INPUT RECORDS:
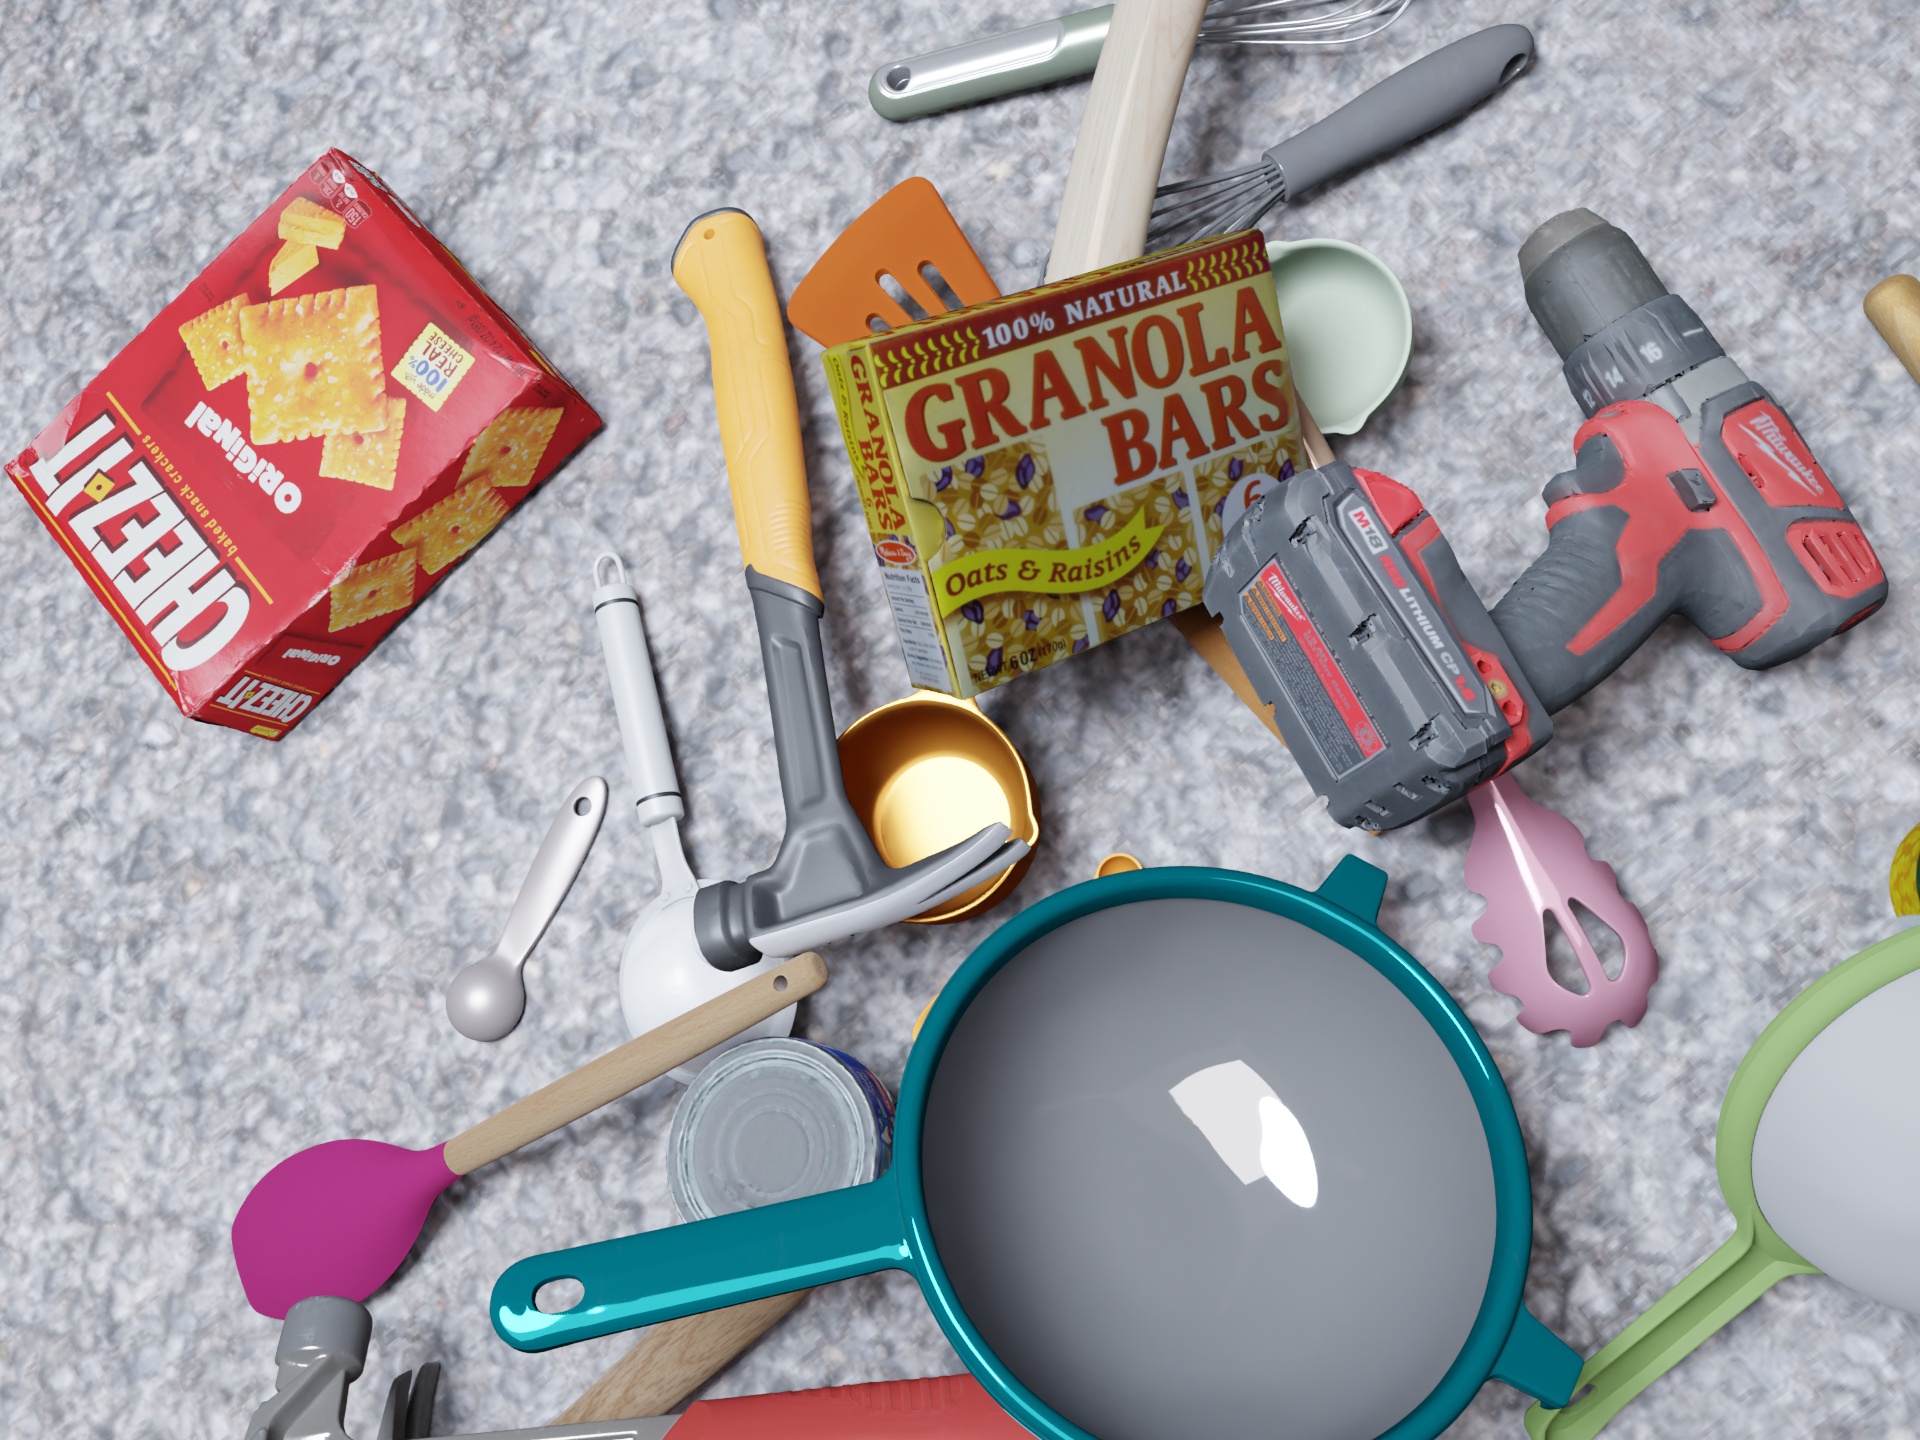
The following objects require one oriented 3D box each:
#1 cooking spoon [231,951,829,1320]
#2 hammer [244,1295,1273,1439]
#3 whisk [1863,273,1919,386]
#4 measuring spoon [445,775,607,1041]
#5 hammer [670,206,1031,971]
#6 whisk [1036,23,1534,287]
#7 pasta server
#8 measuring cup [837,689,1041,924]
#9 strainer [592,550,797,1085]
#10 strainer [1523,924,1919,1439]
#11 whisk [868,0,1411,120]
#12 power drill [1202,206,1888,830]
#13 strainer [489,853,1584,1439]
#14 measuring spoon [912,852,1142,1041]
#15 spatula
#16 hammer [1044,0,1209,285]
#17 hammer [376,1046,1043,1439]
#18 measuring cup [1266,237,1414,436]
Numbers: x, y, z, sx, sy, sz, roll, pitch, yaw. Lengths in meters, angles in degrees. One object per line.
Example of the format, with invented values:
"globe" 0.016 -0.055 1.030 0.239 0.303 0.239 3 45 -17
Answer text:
"cooking spoon" -0.181 0.162 0.627 0.319 0.017 0.069 -30 74 20
"hammer" -0.067 0.262 0.553 0.359 0.036 0.149 -3 43 -5
"whisk" 0.408 -0.063 0.578 0.047 0.051 0.245 -21 71 -14
"measuring spoon" -0.185 0.079 0.679 0.034 0.018 0.124 24 84 15
"hammer" -0.067 -0.075 0.640 0.127 0.034 0.337 -20 64 16
"whisk" 0.133 -0.224 0.661 0.239 0.055 0.055 -29 75 0
"pasta server" 0.172 -0.024 0.603 0.060 0.040 0.316 -27 79 5
"measuring cup" -0.001 -0.002 0.641 0.095 0.052 0.174 12 80 14
"strainer" -0.126 0.045 0.664 0.087 0.050 0.259 -23 72 21
"strainer" 0.290 0.176 0.511 0.151 0.069 0.256 37 106 -21
"whisk" 0.077 -0.298 0.684 0.246 0.059 0.058 -9 76 15
"power drill" 0.201 -0.079 0.568 0.226 0.080 0.188 -24 78 -20
"strainer" 0.019 0.175 0.549 0.340 0.095 0.211 -10 59 -8
"measuring spoon" 0.027 0.094 0.639 0.117 0.011 0.021 -40 75 6
"spatula" 0.060 -0.079 0.639 0.081 0.041 0.323 -43 79 11
"hammer" 0.068 -0.275 0.618 0.146 0.038 0.411 15 88 1
"hammer" -0.101 0.237 0.625 0.331 0.031 0.130 -43 75 1
"measuring cup" 0.106 -0.134 0.656 0.167 0.038 0.083 -26 85 24
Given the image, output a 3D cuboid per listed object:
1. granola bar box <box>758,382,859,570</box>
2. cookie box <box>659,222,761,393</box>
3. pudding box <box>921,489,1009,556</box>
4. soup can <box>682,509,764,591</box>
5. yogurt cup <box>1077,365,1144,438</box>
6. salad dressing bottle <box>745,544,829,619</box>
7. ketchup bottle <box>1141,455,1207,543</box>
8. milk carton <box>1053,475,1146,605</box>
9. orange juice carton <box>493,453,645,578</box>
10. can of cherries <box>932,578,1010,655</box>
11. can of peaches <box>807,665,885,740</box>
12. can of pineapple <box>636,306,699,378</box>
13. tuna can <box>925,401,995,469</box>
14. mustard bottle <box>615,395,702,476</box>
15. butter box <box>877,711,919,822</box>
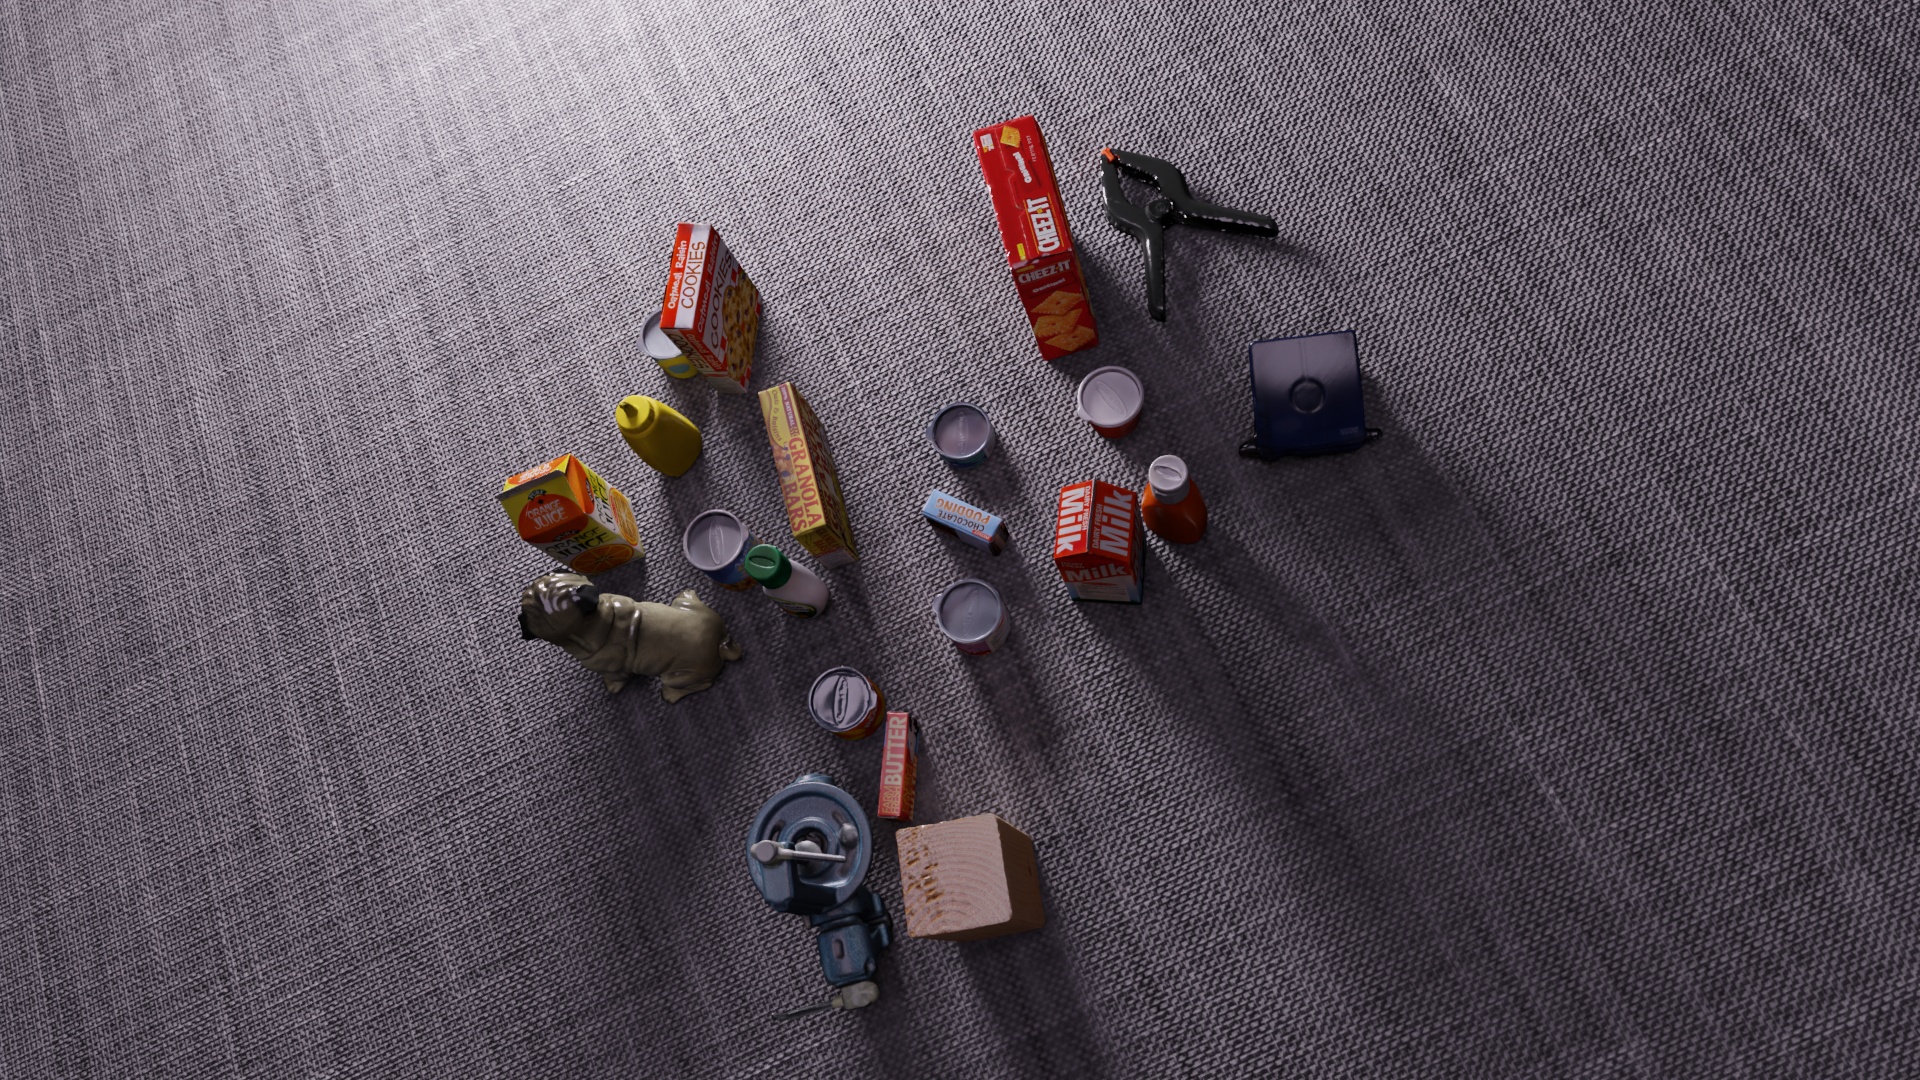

BRIEF: All lines from the beginning of the material through the line that holds "#11 whisk [868,0,1411,120]", both included, should be returned exactly; please omit any pictures and add no other lines.

PROBLEM SOLUTION:
The following objects require one oriented 3D box each:
#1 cooking spoon [231,951,829,1320]
#2 hammer [244,1295,1273,1439]
#3 whisk [1863,273,1919,386]
#4 measuring spoon [445,775,607,1041]
#5 hammer [670,206,1031,971]
#6 whisk [1036,23,1534,287]
#7 pasta server
#8 measuring cup [837,689,1041,924]
#9 strainer [592,550,797,1085]
#10 strainer [1523,924,1919,1439]
#11 whisk [868,0,1411,120]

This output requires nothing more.